Items from a data source
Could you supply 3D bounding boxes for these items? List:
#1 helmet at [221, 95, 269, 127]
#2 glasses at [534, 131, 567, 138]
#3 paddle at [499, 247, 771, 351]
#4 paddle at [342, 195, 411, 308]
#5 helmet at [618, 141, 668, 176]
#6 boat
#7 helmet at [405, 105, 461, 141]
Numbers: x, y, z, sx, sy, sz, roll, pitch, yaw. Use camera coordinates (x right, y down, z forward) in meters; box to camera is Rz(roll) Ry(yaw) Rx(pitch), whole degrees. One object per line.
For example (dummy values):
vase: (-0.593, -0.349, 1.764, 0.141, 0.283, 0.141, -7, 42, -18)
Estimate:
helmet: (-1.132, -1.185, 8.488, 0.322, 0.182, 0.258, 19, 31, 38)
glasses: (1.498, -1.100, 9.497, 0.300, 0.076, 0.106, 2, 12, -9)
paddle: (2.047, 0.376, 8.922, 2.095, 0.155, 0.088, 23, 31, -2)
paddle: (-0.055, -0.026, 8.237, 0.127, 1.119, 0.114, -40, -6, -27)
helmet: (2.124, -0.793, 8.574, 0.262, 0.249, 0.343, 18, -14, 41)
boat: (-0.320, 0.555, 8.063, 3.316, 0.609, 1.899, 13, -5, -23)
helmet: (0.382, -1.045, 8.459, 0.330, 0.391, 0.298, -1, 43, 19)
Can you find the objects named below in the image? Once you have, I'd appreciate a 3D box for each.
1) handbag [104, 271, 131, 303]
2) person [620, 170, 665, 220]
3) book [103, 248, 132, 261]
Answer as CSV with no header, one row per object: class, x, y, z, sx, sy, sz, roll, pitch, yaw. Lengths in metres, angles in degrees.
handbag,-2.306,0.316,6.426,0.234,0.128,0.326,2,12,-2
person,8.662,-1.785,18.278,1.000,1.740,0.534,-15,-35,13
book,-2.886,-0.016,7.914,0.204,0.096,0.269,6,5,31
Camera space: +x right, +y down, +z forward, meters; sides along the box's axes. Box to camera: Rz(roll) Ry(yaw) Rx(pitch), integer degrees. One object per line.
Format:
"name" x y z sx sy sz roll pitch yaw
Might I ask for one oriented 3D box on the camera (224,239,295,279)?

EXERCISE DESCRIPTION: Repeat the entries above exactly, beginning at their first line and ending with the line that contains "vase: (-0.593, -0.349, 1.764, 0.141, 0.283, 0.141, -7, 42, -18)", with nothing added.

EXERCISE RESPONSE:
Could you supply 3D bounding boxes for these items? List:
#1 helmet at [221, 95, 269, 127]
#2 glasses at [534, 131, 567, 138]
#3 paddle at [499, 247, 771, 351]
#4 paddle at [342, 195, 411, 308]
#5 helmet at [618, 141, 668, 176]
#6 boat
#7 helmet at [405, 105, 461, 141]
Numbers: x, y, z, sx, sy, sz, roll, pitch, yaw. Use camera coordinates (x right, y down, z forward) in meters; box to camera is Rz(roll) Ry(yaw) Rx(pitch), whole degrees. One object per line.
For example (dummy values):
vase: (-0.593, -0.349, 1.764, 0.141, 0.283, 0.141, -7, 42, -18)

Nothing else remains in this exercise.